The trail splits in Ourense for about 25 kilometers. I chose the western route via Mandras although the routes are about the same length. This route has the more scenic views and there was less walking along busy highways. It also has what is reputed to be the steepest climb on all the Caminos. A one kilometer continuous 20 degree slope followed by a half kilometers at a less strenuous 12 degrees. Normally, the reward for the climb is the superb view from the top but on this drab day I could see absolutely nothing because of the thick fog.
The view into the valley at about the halfway point of the climb.
Despite the drizzle and the fog it was quite a pleasant walk with interesting scenery and camino artifacts along the way as can be seen from these photos.
Gnarly old oak trees
.
There were two goldfish in the basin
Stones worn smooth by millions of feet
An interesting Camino fountain
The entrance to the albergue at Cea
The bell tower in Cea
Stone is a plentiful building material
Another fountain near Silvaboa
My destination was the Monasterio de Oseira, an imposing and overwhelming structure with roots going back to the tenth century. The current buildings were rebuilt after a fire in 1552 and restored in the late twentieth century. This is what I saw as I came around a bend in the road. It was jaw dropping!
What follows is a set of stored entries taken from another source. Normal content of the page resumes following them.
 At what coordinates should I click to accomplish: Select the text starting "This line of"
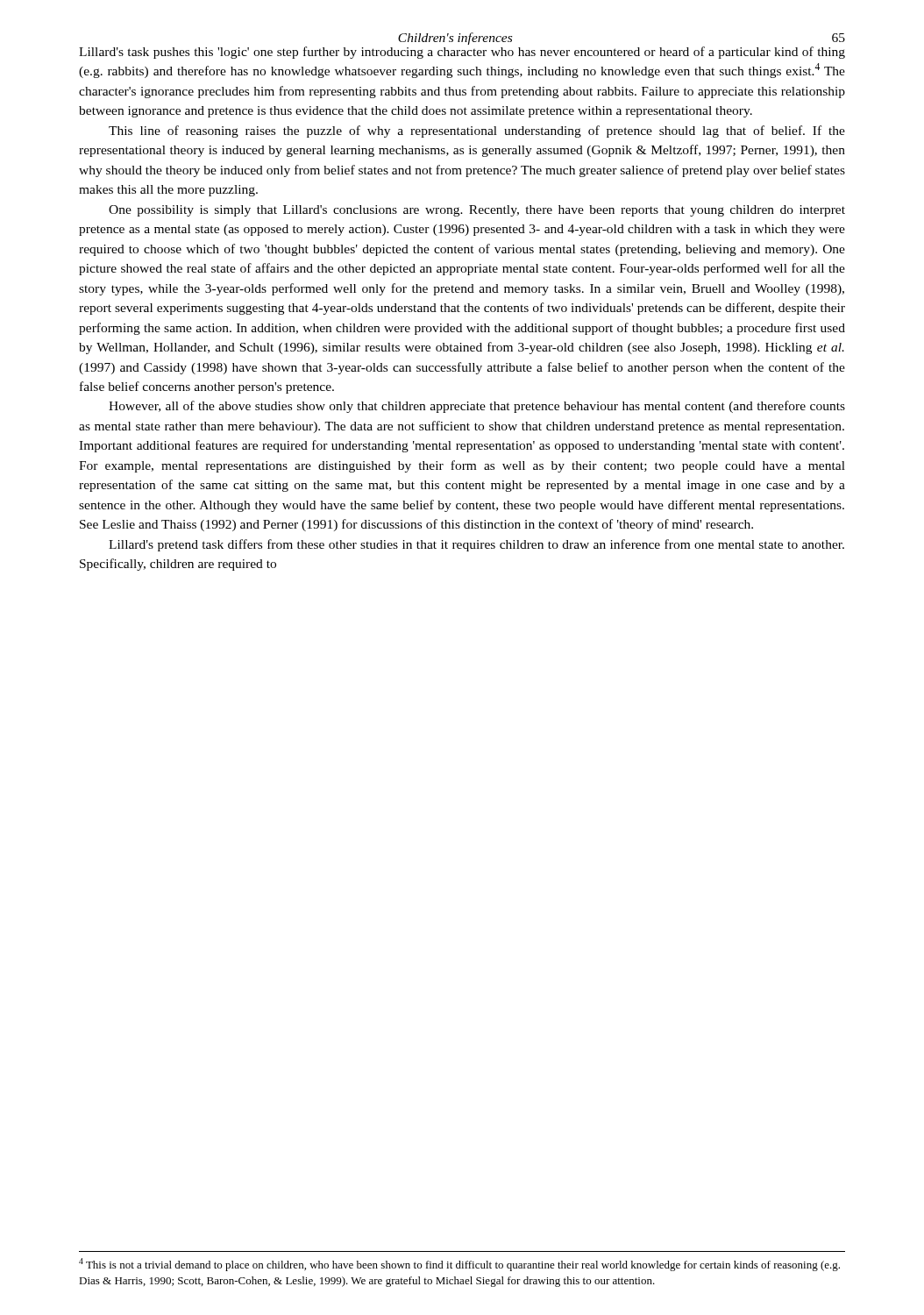462,160
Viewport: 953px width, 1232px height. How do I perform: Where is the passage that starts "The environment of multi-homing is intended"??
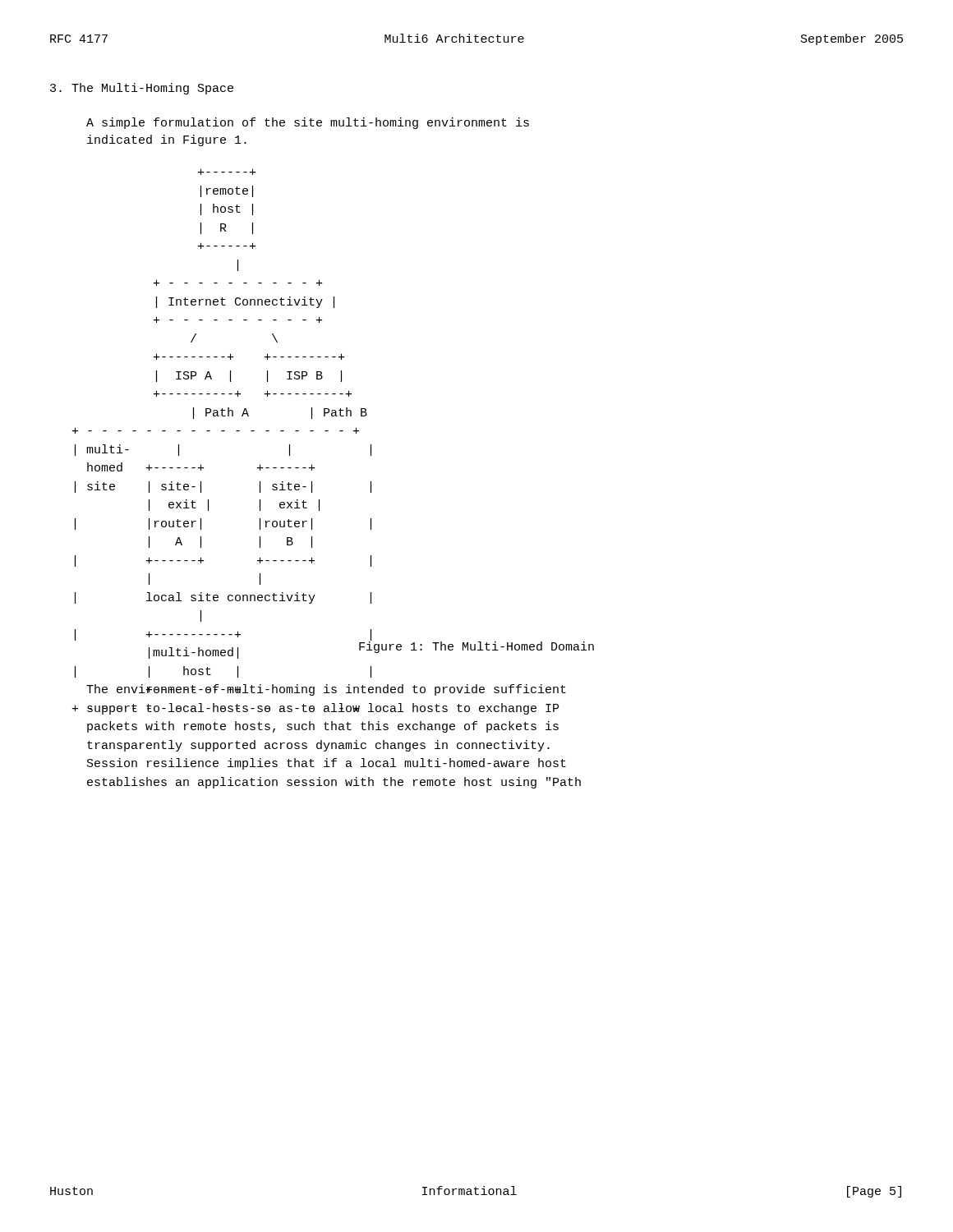(x=334, y=737)
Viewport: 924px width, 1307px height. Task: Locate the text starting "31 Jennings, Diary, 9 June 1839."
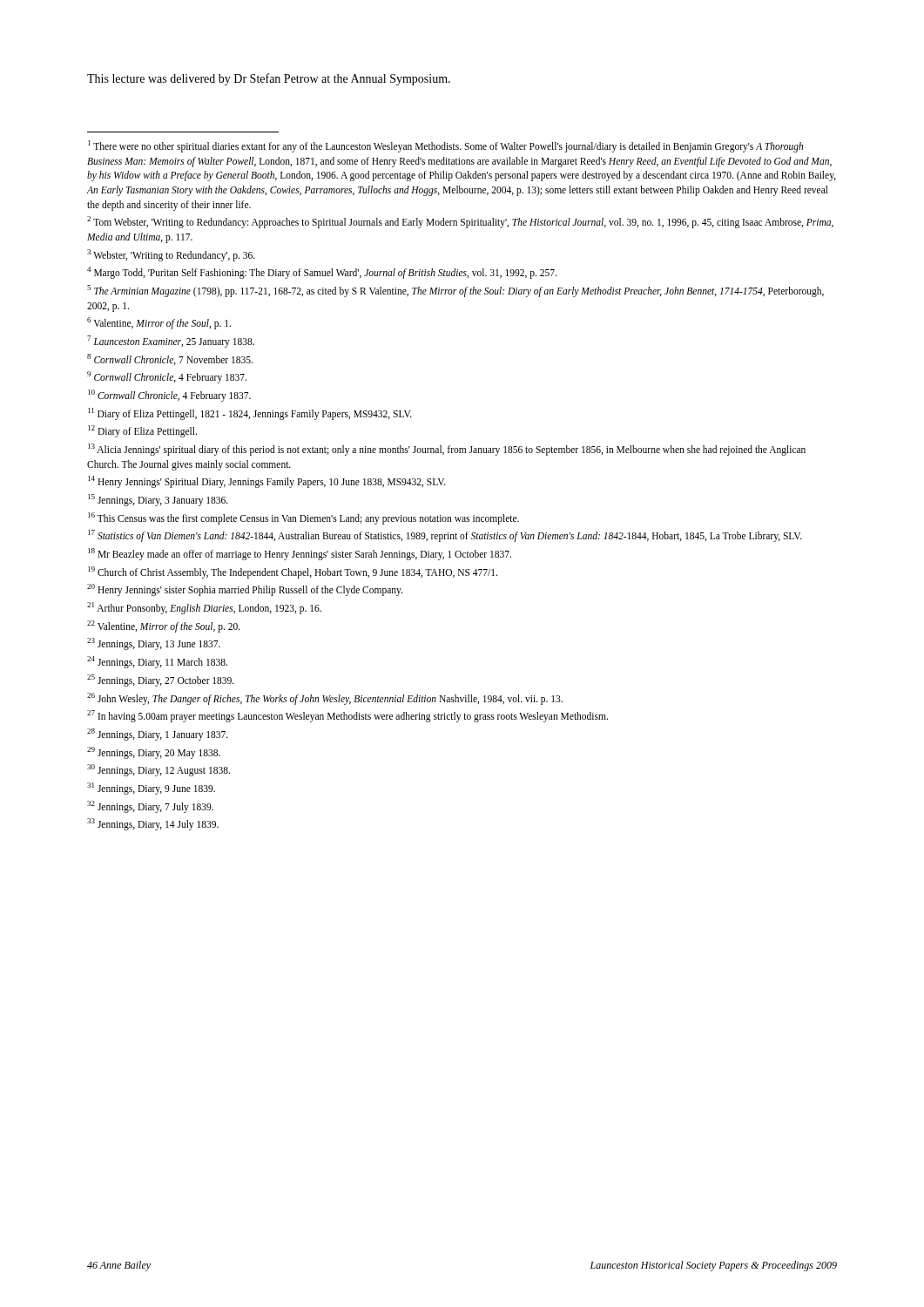(x=151, y=788)
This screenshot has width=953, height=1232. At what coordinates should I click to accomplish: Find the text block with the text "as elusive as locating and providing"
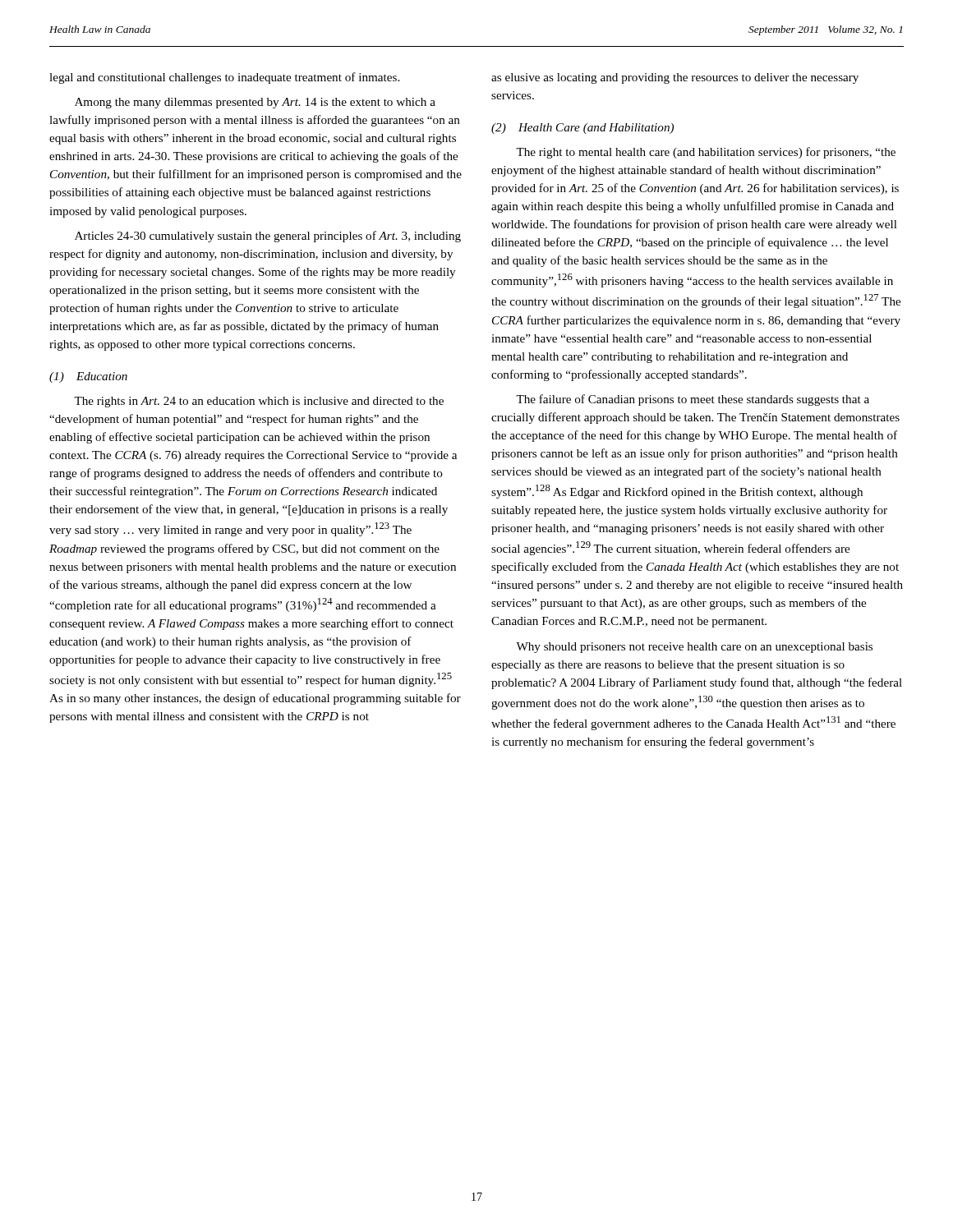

My guide book stated that pilgrims could stay at the monastery in luxurious cells with single beds and sitting rooms and that the monks also provided hot showers and meals. Unfortunately these facilities had been shut down for the season but I was offered a bed in a large hall with basic facilities: a bed with a mattress but no pillow, a wash basin but no shower, water but not heated and lastly once again I was alone. But it came with all the goodness in the world.
My home in the monastery
When I went to pay my five euro fee and get my credentials book stamped, Father Luis offered to give me a tour of the main building. How could I refuse! Unfortunately I was not allowed to take any photographs. This facility houses only 17 monks. I could just imagine what it was like 100 or more years ago.